All tests are chi-square tests unless indicated and compare patients with and without DDI.

Abbreviations: ARV, antiretroviral; DDI, drug–drug interaction; IQR, interquartile range; NNRTI, non-nucleoside reverse-transcriptase inhibitor; NRTI, nucleoside reverse-transcriptase inhibitors; PACA, Provence-Alpes-Côte-d’Azur.

^aStudent t test.

^bHIV duration estimated from the date of the first long-term illness exemption related to HIV.

^cWilcoxon rank test.

^dTotal number of different concomitant medications (non-ARV) delivered during 2016.

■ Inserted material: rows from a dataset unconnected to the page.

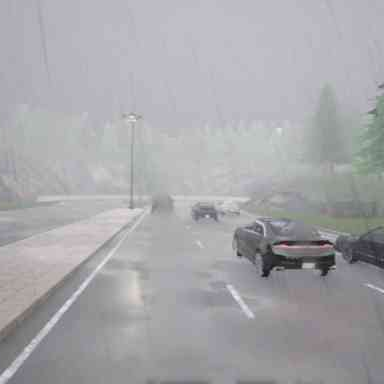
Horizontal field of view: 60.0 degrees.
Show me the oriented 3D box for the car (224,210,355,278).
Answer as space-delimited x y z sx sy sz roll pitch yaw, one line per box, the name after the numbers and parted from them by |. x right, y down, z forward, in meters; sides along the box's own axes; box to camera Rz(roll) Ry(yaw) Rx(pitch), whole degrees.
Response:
2.575 1.550 10.343 2.128 1.511 4.902 1 0 -5 | car

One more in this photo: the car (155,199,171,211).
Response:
-3.853 1.665 44.245 2.033 1.411 5.357 1 0 -5 | car

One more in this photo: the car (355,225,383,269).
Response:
6.167 1.636 9.417 2.033 1.411 5.357 1 0 -5 | car

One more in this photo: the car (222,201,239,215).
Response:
3.866 1.685 36.086 1.812 1.442 4.674 1 0 -5 | car

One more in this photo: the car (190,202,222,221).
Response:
1.008 1.614 28.512 1.837 1.490 4.892 1 0 -5 | car

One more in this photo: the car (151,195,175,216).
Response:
-2.987 1.312 34.079 2.150 2.045 5.566 1 0 -5 | car
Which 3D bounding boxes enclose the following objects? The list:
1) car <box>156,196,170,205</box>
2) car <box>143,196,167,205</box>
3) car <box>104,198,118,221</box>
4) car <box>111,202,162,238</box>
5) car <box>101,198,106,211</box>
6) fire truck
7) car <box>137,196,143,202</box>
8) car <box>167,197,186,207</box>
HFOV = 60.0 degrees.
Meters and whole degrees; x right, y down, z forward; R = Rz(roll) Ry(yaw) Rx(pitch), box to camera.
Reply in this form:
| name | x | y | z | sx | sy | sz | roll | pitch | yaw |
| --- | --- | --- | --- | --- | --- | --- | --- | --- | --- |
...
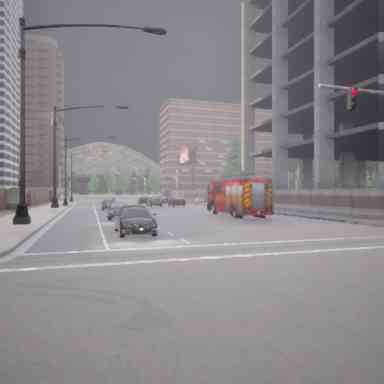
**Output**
| name | x | y | z | sx | sy | sz | roll | pitch | yaw |
| --- | --- | --- | --- | --- | --- | --- | --- | --- | --- |
| car | -5.405 | 1.526 | 61.431 | 1.812 | 1.442 | 4.674 | 0 | 0 | -17 |
| car | -5.737 | 1.491 | 50.784 | 2.128 | 1.511 | 4.902 | 0 | 0 | -17 |
| car | -6.004 | 1.526 | 27.350 | 1.812 | 1.442 | 4.674 | 0 | 0 | -17 |
| car | -3.116 | 1.505 | 17.972 | 1.837 | 1.490 | 4.892 | 0 | 0 | -17 |
| car | -10.028 | 1.490 | 40.440 | 2.128 | 1.511 | 4.902 | 0 | 0 | -17 |
| fire truck | 4.123 | 0.342 | 30.530 | 2.891 | 3.827 | 8.468 | 0 | 0 | -17 |
| car | -8.750 | 1.505 | 60.403 | 1.837 | 1.490 | 4.892 | 0 | 0 | -17 |
| car | -2.428 | 1.478 | 51.756 | 1.882 | 1.535 | 5.008 | 0 | 0 | -17 |

^eTotal number of different diseases (HIV excluded). For more details about the determination of concomitant diseases, see the Appendix.

^fBoosted and unboosted.

Risks of DDI

The 1-year cumulative incidence was 1529/9076 patients with at least 1 DDI (16.8%; 95% CI, 16.1–17.6), corresponding to a total of 2772 DDIs, with 161 distinct DDIs identified. On average, aging PLWH had 0.3 (±0.8) DDIs during 2016. The incidence rates of DDIs per 100 person-years for NRTI drugs were as follows: tenofovir DF (n = 4070), 0.0; emtricitabine (n = 3935), 2.2; lamivudine (n = 4058), 2.1; abacavir (n = 3588), 0.3. Figure 1 illustrates the incidence per 100 patient-years of DDIs per non-nucleosidic reverse transcriptase inhibitor agent. Most DDIs revealed interactions between ARV and comedications (2534, 91%). The risk factors for at least 1 DDI are shown in Table 2. Compared with non-NNRTI plus 2 NRTIs, the use of raltegravir or dolutegravir plus 2 NRTIs significantly and independently reduced the rate of DDIs (0.02; 95% CI, 0.005–0.05; P < .0001). Other cART, including ARV regimens utilizing boosted agents, and inconsistent therapy increased the rate of DDIs. The main DDIs identified are detailed in Table 3, with their frequency, mechanism, and risks.

Figure 1.

Incidence per 100 person-years of drug–drug interactions among the POPVIH65 population related to the most common agent received, >3% of prescriptions. Abbreviations: INSTI, integrase strand transfer inhibitor; NNRTI, non-nucleoside reverse-transcriptase inhibitor; PI, protease inhibitor.

Table 2.

Multivariate Analysis to Determine Factors Associated With the Occurrence of ≥1 DDI Among the POPVIH65 Cohort (n = 9076)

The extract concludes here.